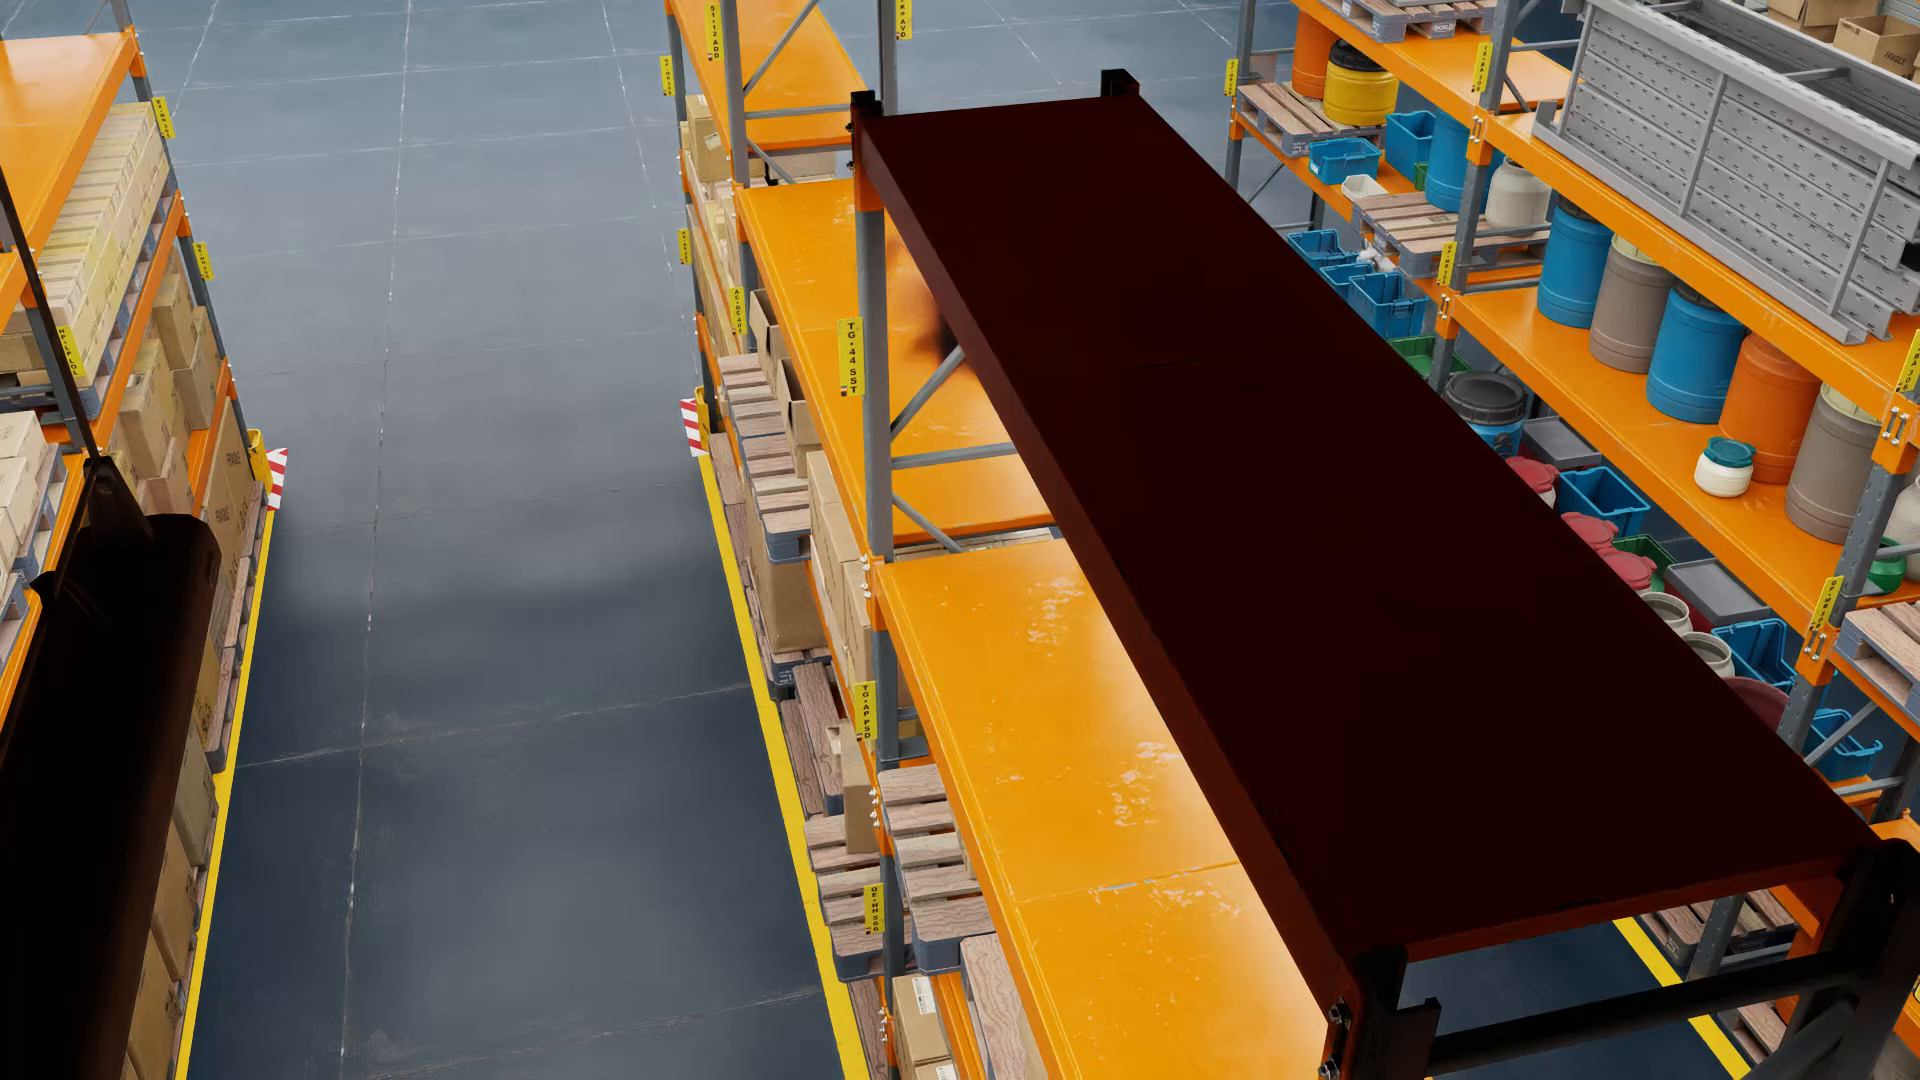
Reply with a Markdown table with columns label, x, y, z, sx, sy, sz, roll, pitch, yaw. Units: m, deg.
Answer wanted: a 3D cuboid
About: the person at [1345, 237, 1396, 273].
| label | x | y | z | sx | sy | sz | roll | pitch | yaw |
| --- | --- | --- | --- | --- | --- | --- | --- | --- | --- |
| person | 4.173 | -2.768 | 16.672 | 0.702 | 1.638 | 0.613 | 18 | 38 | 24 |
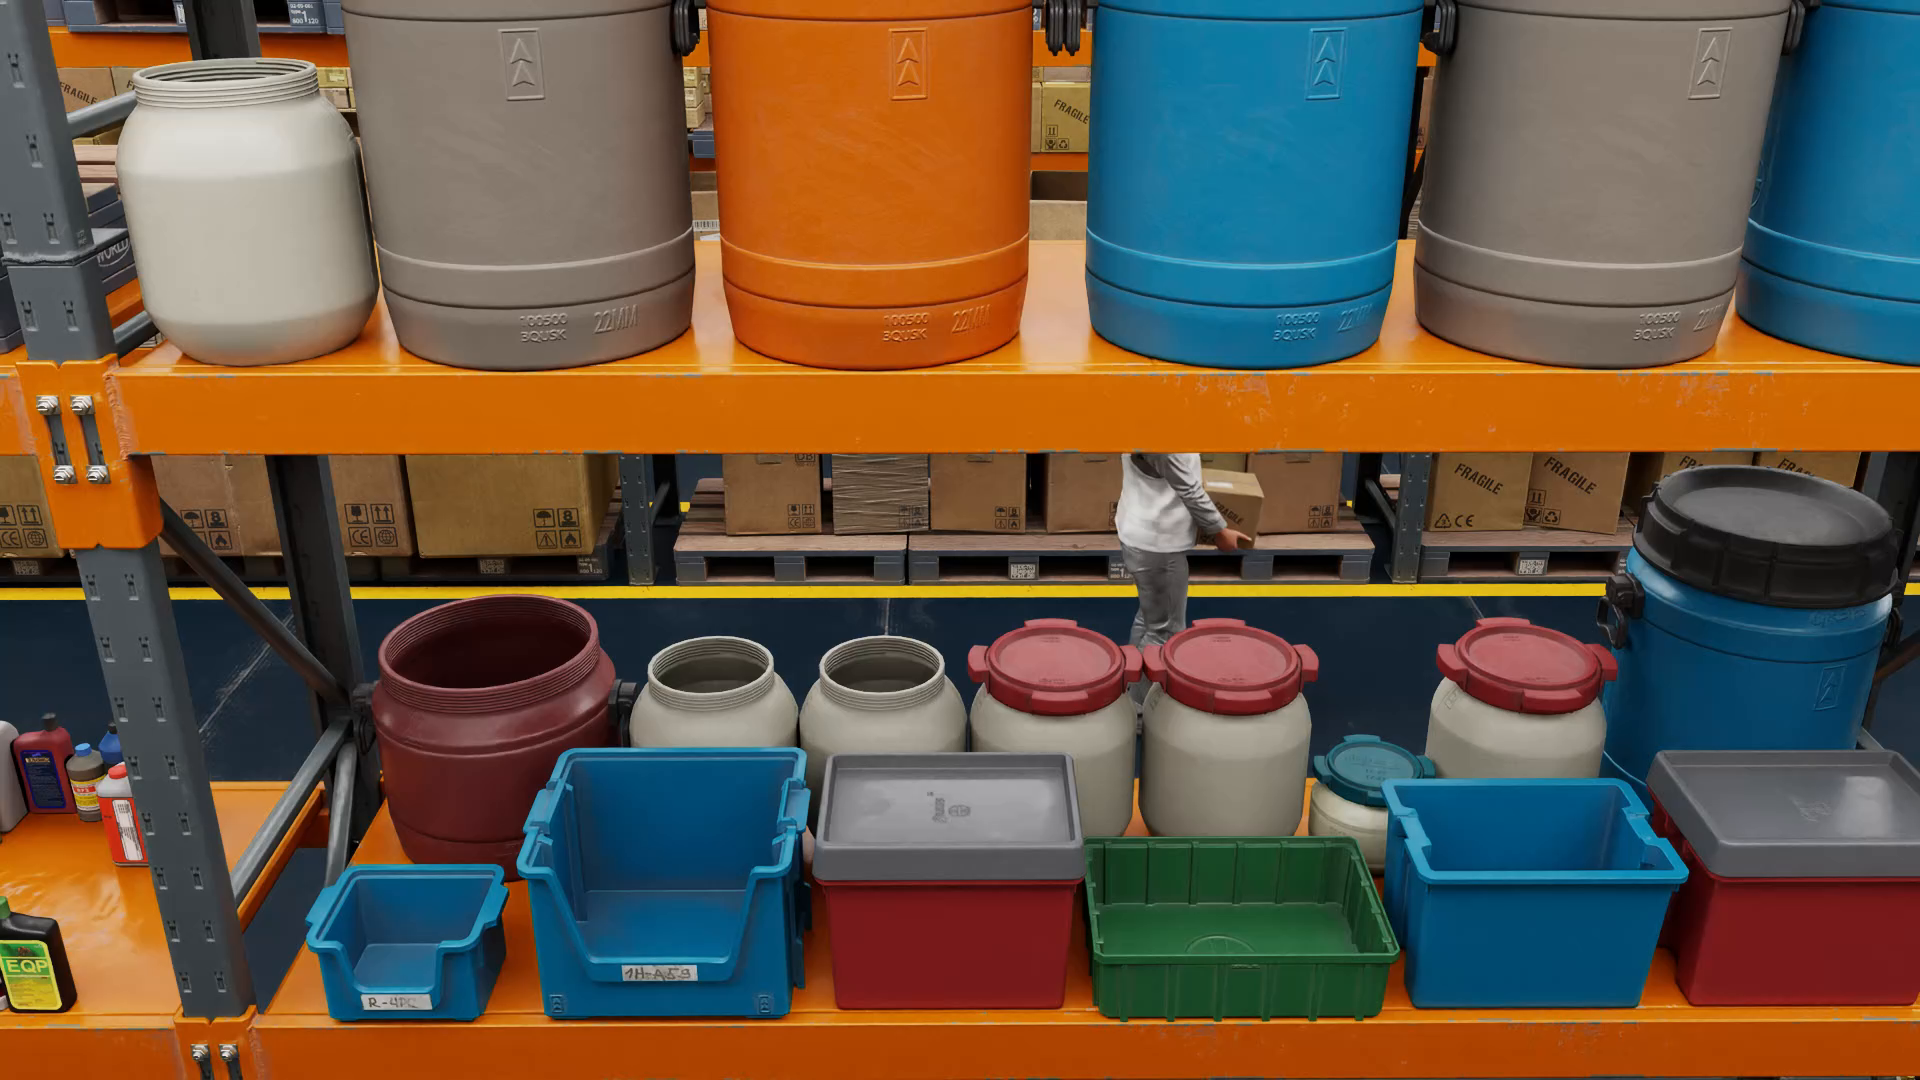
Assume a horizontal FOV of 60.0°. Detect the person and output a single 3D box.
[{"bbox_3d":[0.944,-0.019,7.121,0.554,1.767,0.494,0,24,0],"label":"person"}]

* [Exercise description] All of the records need to be reproduced exactly, with each picture omitted.

* [Response below]
Reply with a Markdown table with columns label, x, y, z, sx, sy, sz, roll, pitch, yaw. Units: m, deg.
Answer wanted: a 3D cuboid
About: the person at [1345, 237, 1396, 273].
| label | x | y | z | sx | sy | sz | roll | pitch | yaw |
| --- | --- | --- | --- | --- | --- | --- | --- | --- | --- |
| person | 4.173 | -2.768 | 16.672 | 0.702 | 1.638 | 0.613 | 18 | 38 | 24 |
Assume a horizontal FOV of 60.0°. Detect the person and output a single 3D box.
[{"bbox_3d":[0.944,-0.019,7.121,0.554,1.767,0.494,0,24,0],"label":"person"}]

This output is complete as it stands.